We reject defendant’s contention that the trial court improperly declared Joanne Toscano to be a hostile witness. The court was aware that Toscano had given statements to the police that supported the People’s case, but that she had become evasive when she testified before the Grand Jury and had failed to comply with a subpoena to appear at trial, thus *827requiring the People to have her declared a material witness. When the witness continued to respond in an evasive manner to the prosecutor’s questions, it was in the court’s discretion to designate her a hostile witness (see, People v Marshall, 144 AD2d 1005, lv denied 73 NY2d 893).

Defendant also challenges several rulings whereby the court allowed the prosecutor to impeach Toscano’s testimony at trial with her prior sworn statements. All but one of these rulings was proper. The prosecutor impeached Toscano’s trial testimony that she visited defendant in jail on one occasion by the use of Grand Jury testimony that she visited defendant in jail twice. Because Toscano’s failure to recall the number of visits did not affirmatively damage the People’s case, but merely affected her credibility, impeachment was improper (see, People v Hickman, 148 AD2d 937, affd 75 NY2d 891). However, given the overwhelming proof of defendant’s guilt, we find the error to be harmless (see, People v Crimmins, 36 NY2d 230).

Although a comment concerning defendant’s postar rest silence made by the prosecutor on summation was improper, the court sustained defendant’s objection and gave curative instructions to the jury, thereby eliminating any resulting prejudice. We do not find the conduct of the prosecutor to have been so egregious as to require reversal (cf., People v Mott, 94 AD2d 415).

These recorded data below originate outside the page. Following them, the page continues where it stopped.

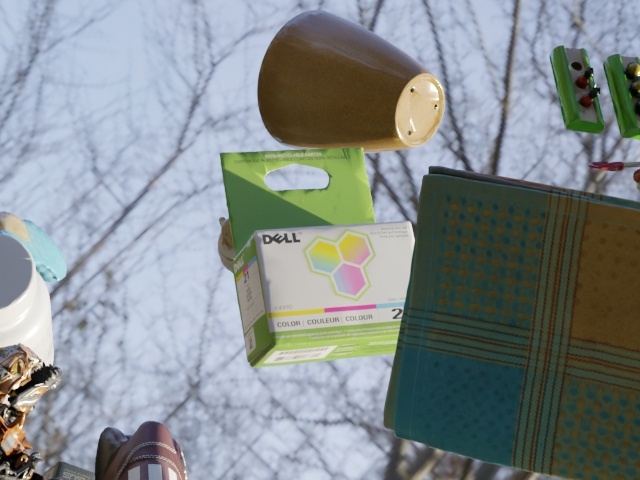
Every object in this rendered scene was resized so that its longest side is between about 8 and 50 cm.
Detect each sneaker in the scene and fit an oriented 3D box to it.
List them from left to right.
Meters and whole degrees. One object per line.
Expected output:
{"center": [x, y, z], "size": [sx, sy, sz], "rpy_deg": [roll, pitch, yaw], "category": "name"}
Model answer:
{"center": [-0.156, 0.253, 1.074], "size": [0.106, 0.162, 0.281], "rpy_deg": [10, -46, -18], "category": "sneaker"}

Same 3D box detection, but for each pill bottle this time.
{"center": [-0.379, 0.090, 1.500], "size": [0.131, 0.131, 0.229], "rpy_deg": [38, -29, 13], "category": "pill bottle"}

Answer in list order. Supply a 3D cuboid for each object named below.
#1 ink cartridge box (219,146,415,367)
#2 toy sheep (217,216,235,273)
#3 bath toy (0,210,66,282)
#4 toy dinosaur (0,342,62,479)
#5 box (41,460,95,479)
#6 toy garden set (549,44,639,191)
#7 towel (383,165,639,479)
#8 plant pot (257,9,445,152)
{"center": [0.000, 0.000, 1.431], "size": [0.097, 0.188, 0.255], "rpy_deg": [132, -50, -63], "category": "ink cartridge box"}
{"center": [-0.102, 0.010, 1.814], "size": [0.091, 0.091, 0.132], "rpy_deg": [20, -18, 37], "category": "toy sheep"}
{"center": [-0.513, 0.118, 1.801], "size": [0.151, 0.348, 0.129], "rpy_deg": [41, 14, -11], "category": "bath toy"}
{"center": [-0.350, 0.257, 1.259], "size": [0.218, 0.322, 0.164], "rpy_deg": [36, 17, -34], "category": "toy dinosaur"}
{"center": [-0.361, 0.394, 1.616], "size": [0.059, 0.183, 0.232], "rpy_deg": [24, -32, -18], "category": "box"}
{"center": [0.388, -0.125, 1.415], "size": [0.244, 0.204, 0.049], "rpy_deg": [6, -35, -16], "category": "toy garden set"}
{"center": [0.254, 0.093, 1.203], "size": [0.370, 0.271, 0.040], "rpy_deg": [11, 3, 18], "category": "towel"}
{"center": [0.069, -0.238, 2.090], "size": [0.254, 0.237, 0.237], "rpy_deg": [20, -39, 42], "category": "plant pot"}
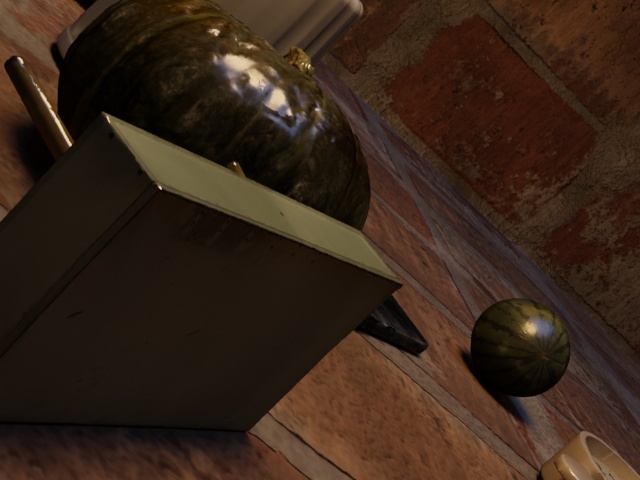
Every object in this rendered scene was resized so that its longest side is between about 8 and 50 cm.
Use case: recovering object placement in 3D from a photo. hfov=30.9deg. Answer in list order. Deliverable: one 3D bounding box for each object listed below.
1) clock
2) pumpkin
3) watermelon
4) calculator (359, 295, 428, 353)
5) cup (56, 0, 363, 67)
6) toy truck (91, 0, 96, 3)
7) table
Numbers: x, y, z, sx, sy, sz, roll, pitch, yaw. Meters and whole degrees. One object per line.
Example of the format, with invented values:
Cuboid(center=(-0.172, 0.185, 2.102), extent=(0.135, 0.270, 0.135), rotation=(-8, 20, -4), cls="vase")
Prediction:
Cuboid(center=(0.273, 0.255, 1.071), extent=(0.229, 0.063, 0.155), rotation=(31, 20, -42), cls="clock")
Cuboid(center=(-0.065, -0.064, 0.740), extent=(0.223, 0.157, 0.223), rotation=(45, -1, 1), cls="pumpkin")
Cuboid(center=(0.210, 0.113, 1.248), extent=(0.105, 0.105, 0.133), rotation=(43, -2, -12), cls="watermelon")
Cuboid(center=(0.000, 0.000, 1.094), extent=(0.161, 0.021, 0.261), rotation=(30, 19, -54), cls="calculator")
Cuboid(center=(-0.094, -0.187, 0.953), extent=(0.167, 0.202, 0.221), rotation=(37, 14, -45), cls="cup")
Cuboid(center=(-0.132, -0.268, 1.177), extent=(0.239, 0.189, 0.265), rotation=(58, 15, 17), cls="toy truck")
Cuboid(center=(-0.078, 0.006, 0.531), extent=(0.111, 0.121, 0.240), rotation=(50, 11, 23), cls="table")
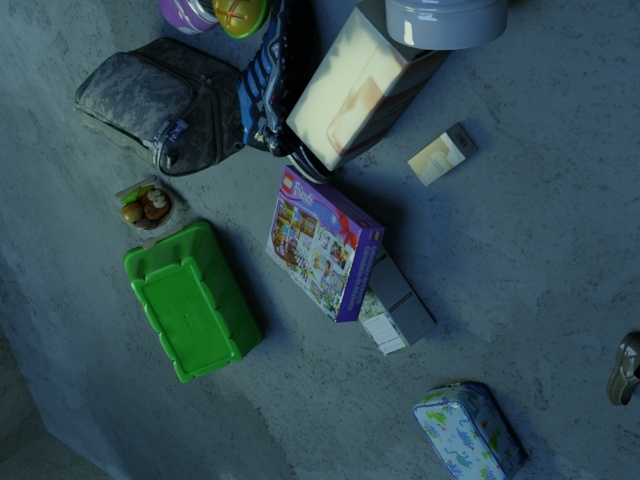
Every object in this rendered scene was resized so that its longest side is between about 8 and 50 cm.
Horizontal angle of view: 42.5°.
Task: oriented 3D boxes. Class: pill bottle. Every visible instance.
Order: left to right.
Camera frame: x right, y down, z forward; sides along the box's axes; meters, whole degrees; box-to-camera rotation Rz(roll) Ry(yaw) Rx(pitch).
[{"bbox_3d":[0.165,-0.452,1.081,0.204,0.204,0.361,23,133,34],"label":"pill bottle"}]

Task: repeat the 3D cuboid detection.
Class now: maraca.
[{"bbox_3d":[-0.148,-0.461,1.505,0.127,0.099,0.186,-15,83,36],"label":"maraca"}]

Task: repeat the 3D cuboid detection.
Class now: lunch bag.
[{"bbox_3d":[-0.332,-0.266,1.719,0.305,0.256,0.212,29,137,28],"label":"lunch bag"},{"bbox_3d":[0.302,0.401,1.702,0.176,0.090,0.219,-25,99,52],"label":"lunch bag"}]

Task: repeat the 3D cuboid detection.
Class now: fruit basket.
[{"bbox_3d":[-0.338,0.149,2.117,0.392,0.283,0.392,-23,-90,-86],"label":"fruit basket"}]

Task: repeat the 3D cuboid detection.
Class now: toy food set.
[{"bbox_3d":[-0.428,-0.080,2.043,0.192,0.132,0.038,55,168,27],"label":"toy food set"}]

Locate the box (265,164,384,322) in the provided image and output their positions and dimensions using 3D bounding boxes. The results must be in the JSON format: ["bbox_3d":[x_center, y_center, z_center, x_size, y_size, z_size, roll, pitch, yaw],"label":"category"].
[{"bbox_3d":[0.000,0.000,1.613,0.293,0.057,0.201,43,126,47],"label":"box"}]

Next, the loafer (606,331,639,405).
[{"bbox_3d":[0.513,0.221,1.362,0.050,0.056,0.148,28,137,39],"label":"loafer"}]

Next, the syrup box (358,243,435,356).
[{"bbox_3d":[0.116,0.106,1.663,0.237,0.096,0.093,57,142,0],"label":"syrup box"}]

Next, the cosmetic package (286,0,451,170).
[{"bbox_3d":[0.081,-0.265,1.364,0.129,0.153,0.296,50,144,7],"label":"cosmetic package"}]

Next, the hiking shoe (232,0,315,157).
[{"bbox_3d":[-0.096,-0.306,1.480,0.132,0.113,0.304,14,102,27],"label":"hiking shoe"}]

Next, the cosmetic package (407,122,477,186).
[{"bbox_3d":[0.207,-0.146,1.412,0.060,0.041,0.115,52,143,1],"label":"cosmetic package"}]

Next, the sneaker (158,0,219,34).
[{"bbox_3d":[-0.302,-0.532,1.609,0.161,0.102,0.282,-10,111,53],"label":"sneaker"}]

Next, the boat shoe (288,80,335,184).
[{"bbox_3d":[-0.033,-0.216,1.579,0.079,0.084,0.233,-18,100,50],"label":"boat shoe"}]
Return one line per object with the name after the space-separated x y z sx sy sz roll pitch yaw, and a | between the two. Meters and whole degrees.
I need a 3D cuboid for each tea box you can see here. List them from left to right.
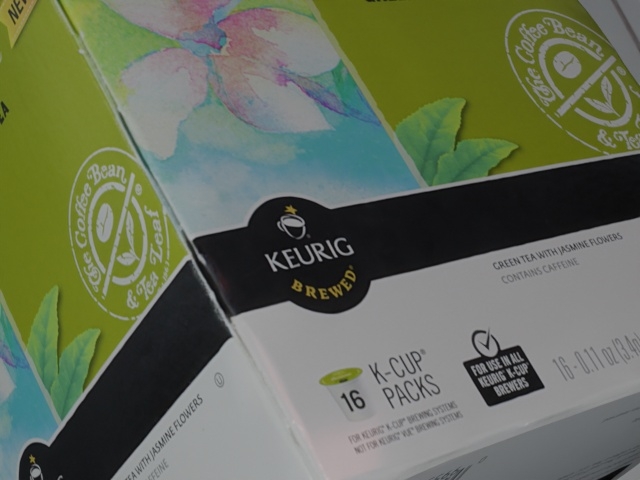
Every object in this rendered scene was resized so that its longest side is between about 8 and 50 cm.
0.000 0.000 0.688 0.329 0.220 0.323 -12 62 -41 | tea box
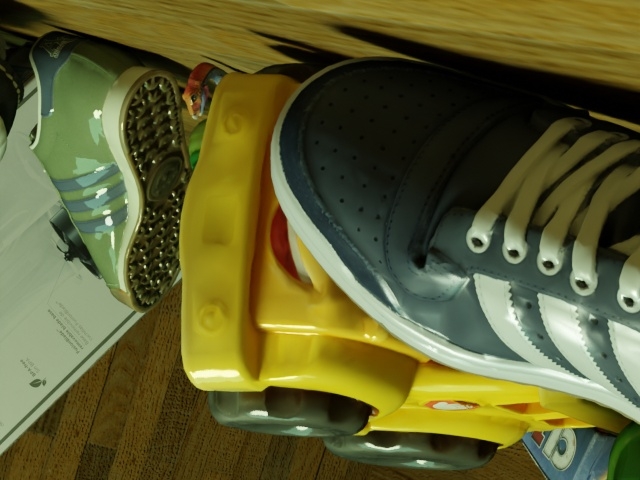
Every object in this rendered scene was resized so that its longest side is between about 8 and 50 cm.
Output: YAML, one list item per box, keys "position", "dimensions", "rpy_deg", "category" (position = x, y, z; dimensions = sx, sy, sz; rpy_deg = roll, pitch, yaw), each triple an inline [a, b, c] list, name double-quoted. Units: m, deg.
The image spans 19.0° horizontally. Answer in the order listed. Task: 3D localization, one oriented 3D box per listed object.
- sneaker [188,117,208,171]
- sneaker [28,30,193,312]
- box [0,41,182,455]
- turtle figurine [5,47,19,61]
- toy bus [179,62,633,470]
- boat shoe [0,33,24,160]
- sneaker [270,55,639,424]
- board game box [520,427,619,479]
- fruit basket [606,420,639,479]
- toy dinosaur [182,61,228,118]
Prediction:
- position: [0.000, 0.000, 1.086]
  dimensions: [0.109, 0.124, 0.295]
  rpy_deg: [4, -173, -20]
  category: "sneaker"
- position: [-0.124, -0.045, 1.090]
  dimensions: [0.086, 0.064, 0.192]
  rpy_deg: [30, 147, 21]
  category: "sneaker"
- position: [-0.224, 0.032, 1.191]
  dimensions: [0.169, 0.290, 0.087]
  rpy_deg: [51, 165, -25]
  category: "box"
- position: [-0.260, -0.049, 1.375]
  dimensions: [0.266, 0.198, 0.274]
  rpy_deg: [22, 173, -36]
  category: "turtle figurine"
- position: [0.078, 0.017, 0.772]
  dimensions: [0.211, 0.149, 0.220]
  rpy_deg: [2, 169, 32]
  category: "toy bus"
- position: [-0.227, -0.097, 1.067]
  dimensions: [0.114, 0.091, 0.302]
  rpy_deg: [43, 162, -25]
  category: "boat shoe"
- position: [0.102, 0.006, 0.564]
  dimensions: [0.282, 0.099, 0.153]
  rpy_deg: [33, 166, 15]
  category: "sneaker"
- position: [0.204, 0.096, 1.004]
  dimensions: [0.243, 0.042, 0.165]
  rpy_deg: [15, -159, -24]
  category: "board game box"
- position: [0.239, 0.175, 0.775]
  dimensions: [0.327, 0.165, 0.353]
  rpy_deg: [6, 169, 21]
  category: "fruit basket"
- position: [-0.041, -0.065, 0.962]
  dimensions: [0.082, 0.047, 0.090]
  rpy_deg: [39, 179, -31]
  category: "toy dinosaur"
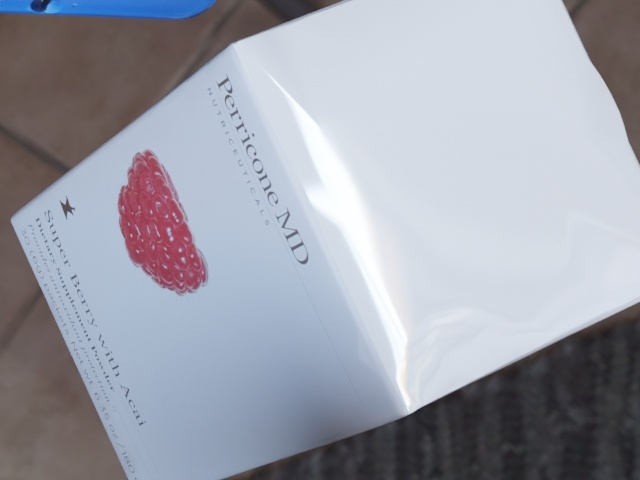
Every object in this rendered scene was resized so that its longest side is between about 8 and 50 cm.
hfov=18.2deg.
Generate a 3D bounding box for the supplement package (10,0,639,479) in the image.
[{"bbox_3d":[0.000,0.000,0.977,0.175,0.177,0.293,-23,-3,-31],"label":"supplement package"}]

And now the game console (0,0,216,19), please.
[{"bbox_3d":[-0.182,-0.281,1.169,0.173,0.293,0.250,-38,58,56],"label":"game console"}]
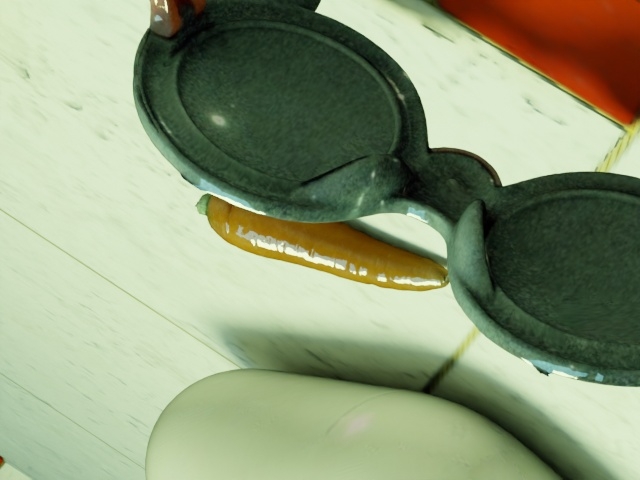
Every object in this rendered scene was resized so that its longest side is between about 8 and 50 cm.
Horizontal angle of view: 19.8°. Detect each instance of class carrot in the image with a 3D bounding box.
[{"bbox_3d":[0.000,0.000,0.885,0.142,0.035,0.035,19,158,22],"label":"carrot"}]

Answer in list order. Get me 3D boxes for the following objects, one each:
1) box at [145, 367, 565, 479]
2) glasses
[{"bbox_3d":[0.056,0.195,1.119,0.289,0.141,0.349,43,162,-23],"label":"box"},{"bbox_3d":[0.053,-0.095,0.530,0.234,0.118,0.268,30,143,18],"label":"glasses"}]
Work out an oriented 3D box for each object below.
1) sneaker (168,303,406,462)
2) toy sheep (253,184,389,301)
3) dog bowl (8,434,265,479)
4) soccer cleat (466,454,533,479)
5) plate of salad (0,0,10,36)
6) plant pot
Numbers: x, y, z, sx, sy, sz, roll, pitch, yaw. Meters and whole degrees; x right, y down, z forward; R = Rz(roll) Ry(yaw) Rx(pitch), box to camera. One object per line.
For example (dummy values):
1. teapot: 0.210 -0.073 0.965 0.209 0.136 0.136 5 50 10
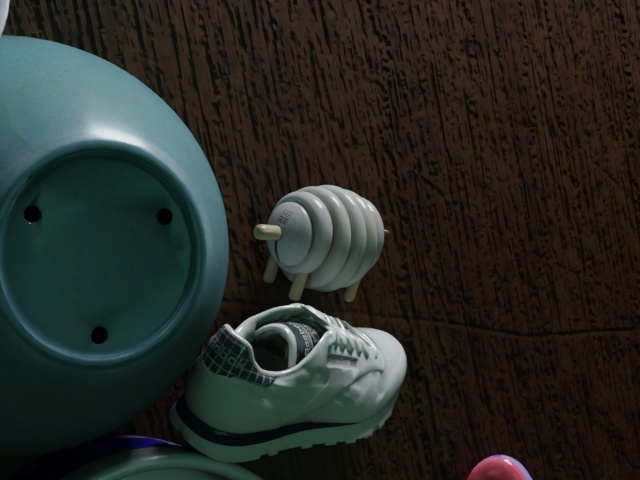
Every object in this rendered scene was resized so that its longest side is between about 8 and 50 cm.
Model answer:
1. sneaker: -0.004 0.092 0.917 0.235 0.090 0.095 -11 127 -52
2. toy sheep: 0.000 0.000 0.959 0.132 0.091 0.091 1 91 -49
3. dog bowl: -0.130 0.273 0.876 0.265 0.104 0.265 -1 92 -30
4. soccer cleat: 0.179 0.301 1.088 0.095 0.083 0.248 -19 97 -59
5. plate of salad: -0.288 -0.147 0.745 0.200 0.048 0.200 1 60 -3
6. plant pot: -0.174 0.006 0.790 0.290 0.195 0.290 -1 92 -30
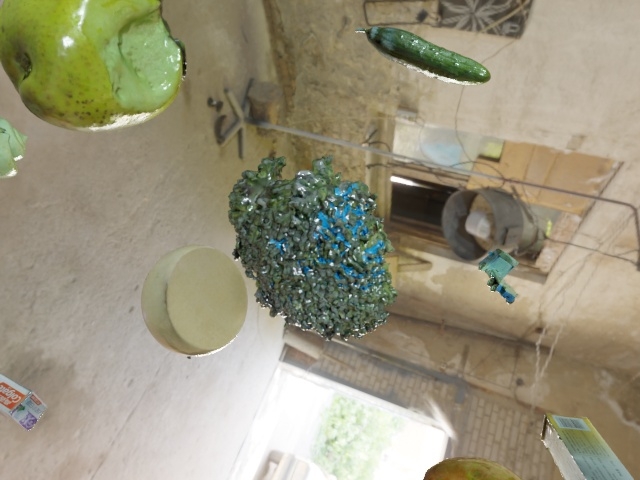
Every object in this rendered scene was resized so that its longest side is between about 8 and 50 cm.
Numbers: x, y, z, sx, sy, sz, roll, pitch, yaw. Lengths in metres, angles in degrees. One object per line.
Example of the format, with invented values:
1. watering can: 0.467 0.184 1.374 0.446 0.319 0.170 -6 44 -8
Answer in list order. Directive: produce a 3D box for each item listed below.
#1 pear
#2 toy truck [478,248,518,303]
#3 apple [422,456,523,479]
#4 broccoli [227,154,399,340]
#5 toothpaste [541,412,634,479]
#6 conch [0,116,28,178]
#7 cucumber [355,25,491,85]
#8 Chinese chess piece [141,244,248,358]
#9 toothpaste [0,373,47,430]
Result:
1. pear: -0.366 -0.297 0.710 0.292 0.159 0.293 -32 127 -55
2. toy truck: 0.454 0.084 1.093 0.081 0.067 0.175 -53 -172 21
3. apple: 0.291 0.532 0.800 0.226 0.246 0.246 43 60 -38
4. broccoli: 0.000 0.000 0.402 0.160 0.167 0.155 -21 127 -67
5. toothpaste: 0.452 0.396 0.701 0.313 0.089 0.071 -60 155 -76
6. conch: -0.776 -0.197 0.956 0.250 0.143 0.137 -16 106 -46
7. cucumber: 0.174 -0.321 0.765 0.056 0.250 0.056 -57 168 -19
8. Chinese chess piece: -0.297 0.144 1.064 0.273 0.102 0.274 23 60 -48
9. toothpaste: -0.473 0.213 0.633 0.040 0.196 0.047 -54 144 -40

Upon our independent review of the record, we find that, with one exception, the convictions are supported by sufficient evidence (see, People v Bleakley, 69 NY2d 490). The conviction for criminal possession of a stolen firearm must be reversed and that charge dismissed because there was no evidence presented, either direct or circumstantial, that defendant knew the gun was stolen. Knowledge is an essential element of this offense (see, People v Hunt, 112 AD2d 781). Moreover, the presumption of recent and exclusive possession (Penal Law § 165.55 [1]) is not applicable here because the gun had been stolen 3Vi years before defendant was charged with possessing it.

We have examined the remaining issues raised by defendant and find them to be lacking in merit. (Appeal from judgment of Monroe County Court, Celli, J.—robbery, first degree.) Present—Doerr, J. P., Boomer, Balio, Lawton and Davis, JJ.